American biofutures: ideology and utopia in the Fukuyama/Stock debate.

Francis Fukuyama, in his Our Posthuman Future, and Gregory Stock, in his Redesigning Humans, present competing versions of the biomedical future of human beings, and debate the merits of more or less stringent regimes of regulation for biomedical innovation. In this article, these positions are shown to depend on a shared discourse of market liberalism, which limits both the range of ends for such innovation discussed by the authors, and the scope of their policy analyses and proposals. A proper evaluation of the human significance and policy imperatives for biomedical innovation needs to be both more utopian in its imagination, and more sophisticated in its political economy.

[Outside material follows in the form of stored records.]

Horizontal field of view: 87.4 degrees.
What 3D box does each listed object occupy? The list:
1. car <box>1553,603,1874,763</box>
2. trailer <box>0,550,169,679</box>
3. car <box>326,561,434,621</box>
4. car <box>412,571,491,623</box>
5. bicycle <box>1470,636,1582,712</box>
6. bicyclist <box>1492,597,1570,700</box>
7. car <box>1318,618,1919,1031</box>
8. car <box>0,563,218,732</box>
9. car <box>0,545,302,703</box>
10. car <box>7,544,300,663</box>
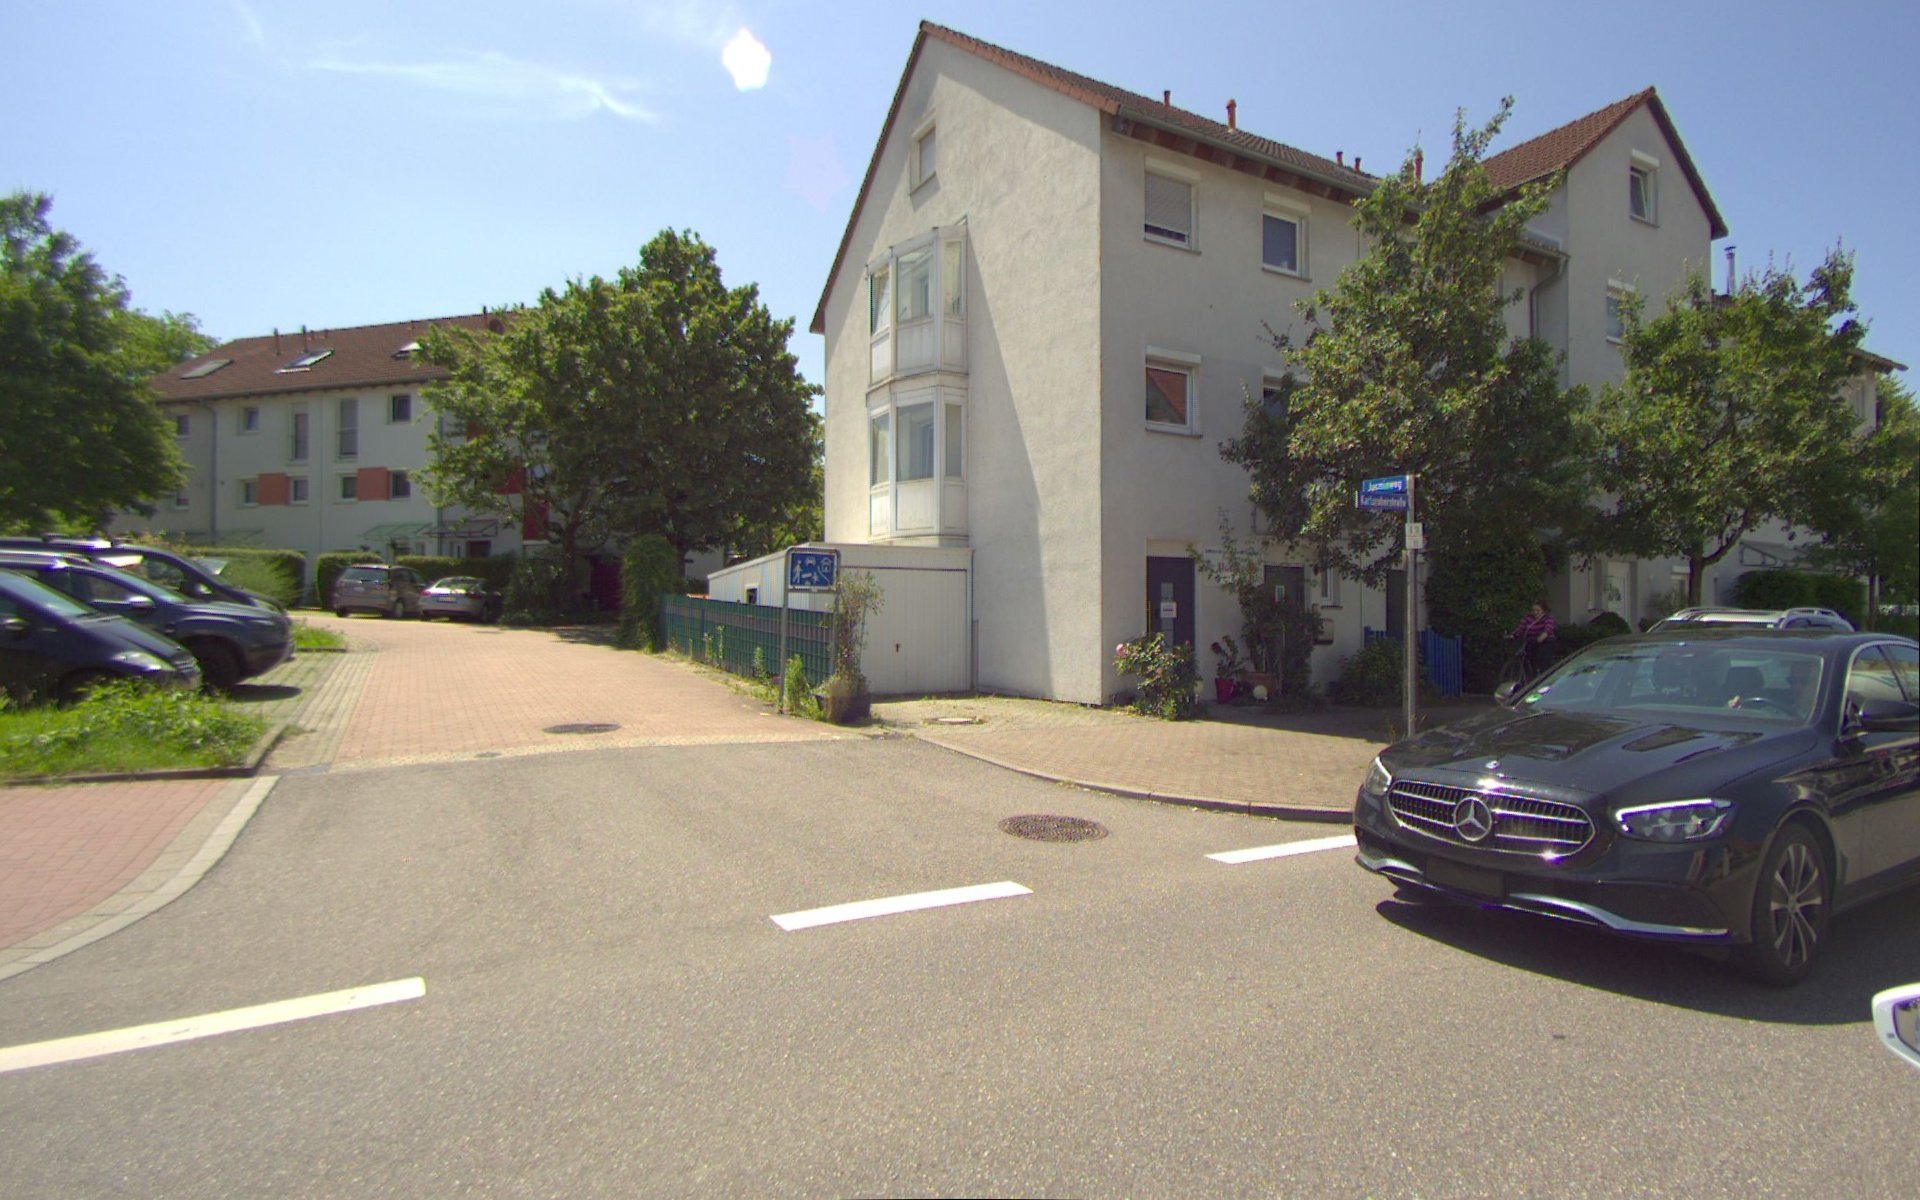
[{"bbox_3d":[9.555,0.920,12.646,4.474,1.709,1.697,1,0,-31],"label":"car"},{"bbox_3d":[-12.872,0.179,14.090,2.665,1.686,1.417,1,3,-35],"label":"trailer"},{"bbox_3d":[-17.474,-0.279,30.455,1.720,1.645,3.988,2,0,-14],"label":"car"},{"bbox_3d":[-15.336,-0.107,30.456,1.667,1.447,3.980,1,1,-21],"label":"car"},{"bbox_3d":[8.706,1.108,15.430,2.005,1.070,0.667,1,0,-34],"label":"bicycle"},{"bbox_3d":[8.804,0.726,15.487,0.900,1.514,0.654,1,2,-34],"label":"bicyclist"},{"bbox_3d":[4.242,0.865,5.567,4.640,1.479,1.722,1,-2,-31],"label":"car"},{"bbox_3d":[-9.707,0.420,9.888,3.605,1.561,1.617,1,1,-27],"label":"car"},{"bbox_3d":[-10.469,0.272,12.631,3.465,1.804,1.617,1,1,-27],"label":"car"},{"bbox_3d":[-13.190,0.064,16.705,3.506,1.805,1.617,1,1,-27],"label":"car"}]

In essence, the Fukuyama/Stock debate tells us more about current US political ideology than it does about the morality of human genetic and biopsychological engineering.

Are antipsychotic drugs the right treatment for challenging behaviour in learning disability?: The place of a randomised trial.

People with learning disability sometimes display challenging behaviour. This can be managed by use of antipsychotic medication or behavioural therapy or both. There is no solid evidence, however, that these therapies are safe and effective. A randomised controlled trial of antipsychotic medication has been proposed to deliver such evidence. However, this presents difficult issues in the ethics of research with learning disabled people. In particular, is a trial the most efficient and fairest way to evaluate practice in this area? This paper reviews the clinical situation, gives the rationale for the trial, and analyses the ethical arguments for and against such a trial.